To better simulate real-world short video browsing scenarios and prevent the participants from identifying the goal of our lab and field studies, we also included a background video set for the field study. This set contains 120 one-minute clips unrelated to the target personages, also obtained directly from TikTok and Bilibili, each also edited to one minute in duration without altering the original content. Additionally, 40 videos from the SEED-IV dataset (a well-known dataset for sentiment analysis)52, were included and truncated to a one-minute duration.
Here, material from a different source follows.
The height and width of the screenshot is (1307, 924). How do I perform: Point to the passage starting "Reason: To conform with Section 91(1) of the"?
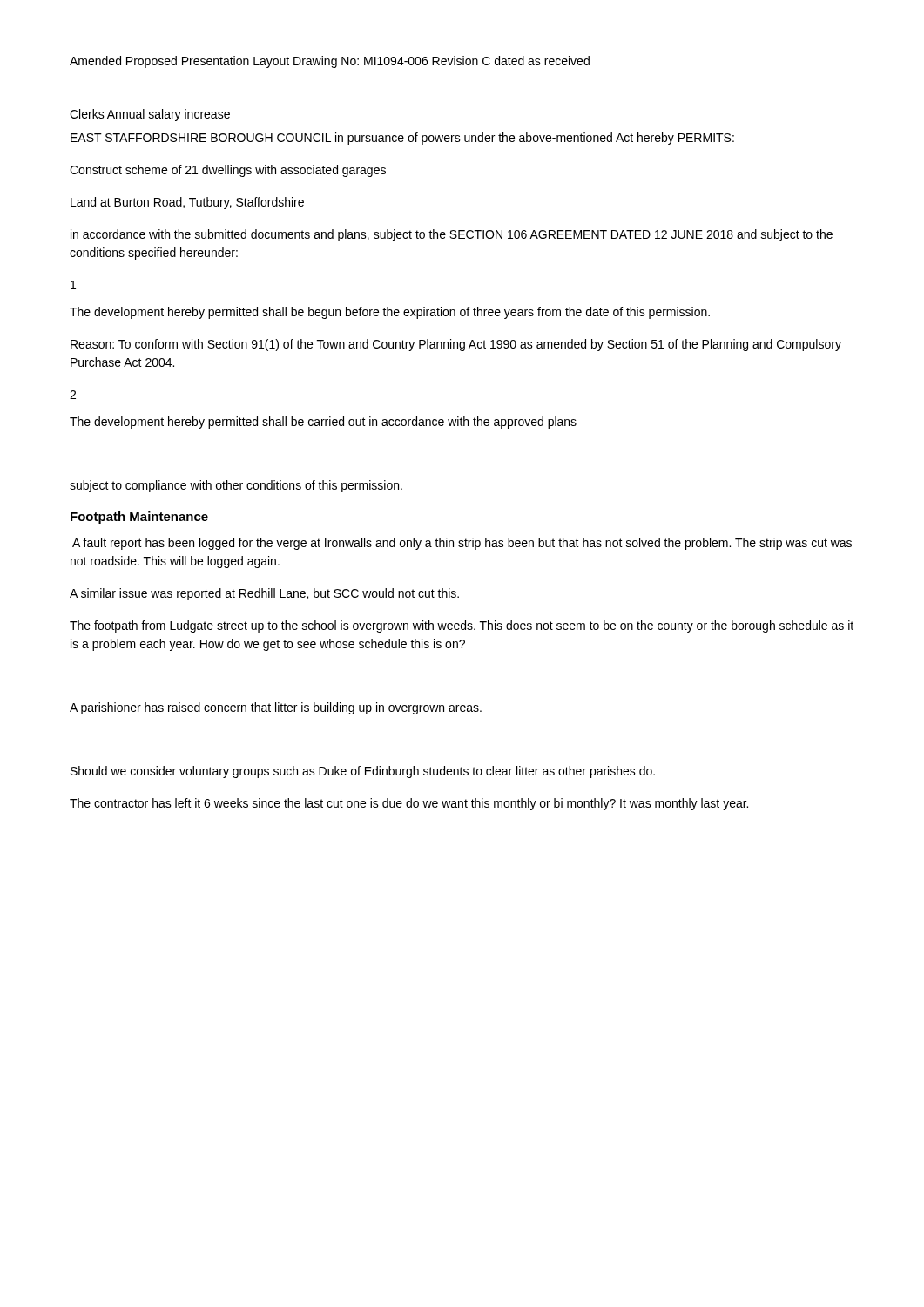point(455,353)
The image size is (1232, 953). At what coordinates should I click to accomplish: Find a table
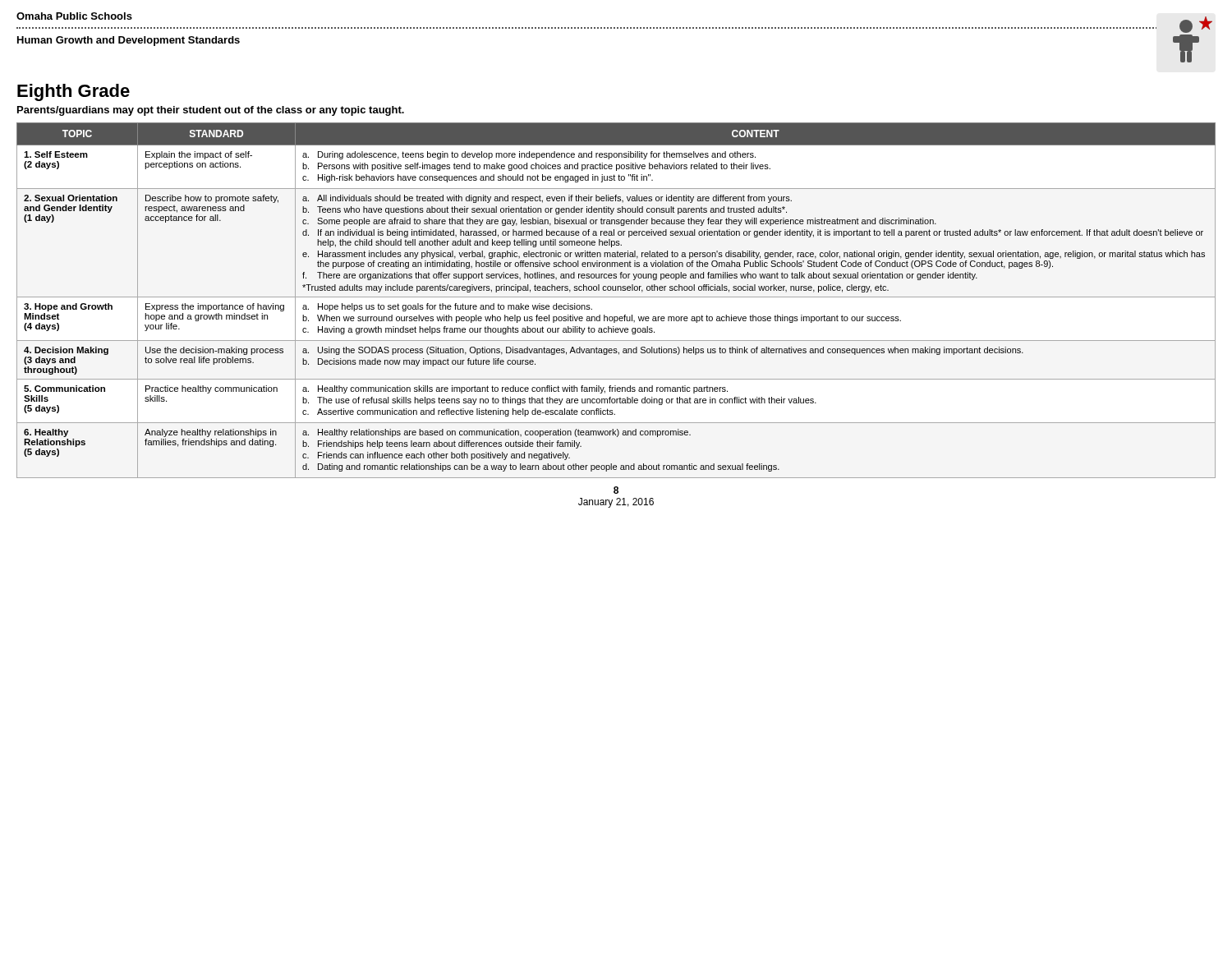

The final video set comprised four types of videos: videos about target personages with positive opinions (pos-videos), videos about target personages with negative opinions (neg-videos), background videos, and SEED videos.

Platform

To facilitate data collection, we developed a custom experimental webpage for video playback. The webpage mimics standard short video platforms where participants can watch short videos in a cascade sequence. At the same time, the webpage can collect user interactions, including “likes” and viewing duration, mimicking standard short video platforms. To accommodate diverse short video browsing scenarios, the webpage has been optimized for display on both mobile phone and laptop screens. As shown in Fig. 2, the webpage’s playback interface primarily features a video frame, a “Next One” button to skip to the next video, a “Last One” button to go back to the previous video, and a heart button for “likes”. We provided an individual account to each participant, and they had to log in before they started browsing the video. To validate the ecological validity of our custom platform, we compared user engagement metrics with publicly available statistics from commercial platforms. The results showed striking similarities: users viewed videos on our platform for 43.0% of their total duration (compared to 44% on TikTok) and had a like rate of 12.2% (compared to TikTok’s 11%)53. These similarities suggest participants’ interactions closely approximated their natural browsing habits on commercial platforms, supporting our experimental design’s ecological validity.

Procedure

The procedure of our user study is summarized in Fig. 1. It consists of three stages: pre-study, field study, and post-study. In the pre-study, participants were trained on the video browsing platform, watched a randomized set of videos while EEG signals were recorded, and completed a questionnaire to provide sentiment and familiarity ratings for personages. Distractor questions were included to minimize bias. The field study exposed participants to daily short videos over six days, with systematic content bias (positive or negative) applied to specific personages while ensuring a balanced and randomized video environment. Daily questions were used to confirm participant engagement. Finally, in the post-study, participants repeated the EEG experiment and questionnaire, with the sequence adjusted to isolate the effects of the field study. Please refer to SI Appendix, Section 8 for further details.

Participants and ethics

Our experiment recruited 24 participants, aged 18 to 25, identified as active users of at least one short video platform based on a pre-experiment survey (SI Appendix, Fig.S8). Our participants exhibit diverse usage patterns across multiple platforms (SI Appendix, Fig. 11), varied content preferences (SI Appendix, Fig. 12), and a range of cognitive processing styles (SI Appendix, Fig. 13). Prior to the main experiment, we conducted a pilot study (n = 3) to estimate the required sample size. A Wilcoxon signed-rank test (used due to non-normal distribution) revealed a significant difference between positive and negative environmental effects with a large effect size (Cohen’s \(d = 2.17\)). Based on this effect size, we performed a power analysis with parameters: significance level \(\alpha = 0.05\) and statistical power \(= 0.90\) (two-sided test). The minimum required sample size was calculated using:

$$\begin{aligned} n = \frac{(Z_{\alpha /2} + Z_{\beta })^2 \times 2}{d^2} \end{aligned}$$
(2)

where \(Z_{\alpha /2}\) represents the critical value of the normal distribution at \(\alpha /2\), \(Z_{\beta }\) is the critical value at \(\beta\) (1 - power), and d is the standardized effect size. This analysis indicated a minimum requirement of 12 participants to reliably detect the expected effects. We recruited 24 participants, exceeding the minimum requirement of 12 and ensuring sufficient statistical power for detecting the anticipated effects. The final sample comprised 13 males and 11 females from various majors, including Computer Science, Environmental Science, Automation, and Life Sciences. All participants are right-handed and reported no history of neurological disorders, ensuring uniformity in terms of brain function and manual dexterity for the tasks involved in the study. Note that, after the whole experiment procedure, we explicitly informed the participants about our experiment objectives and let them decide whether we could use their data for future analysis to avoid potential ethical risks.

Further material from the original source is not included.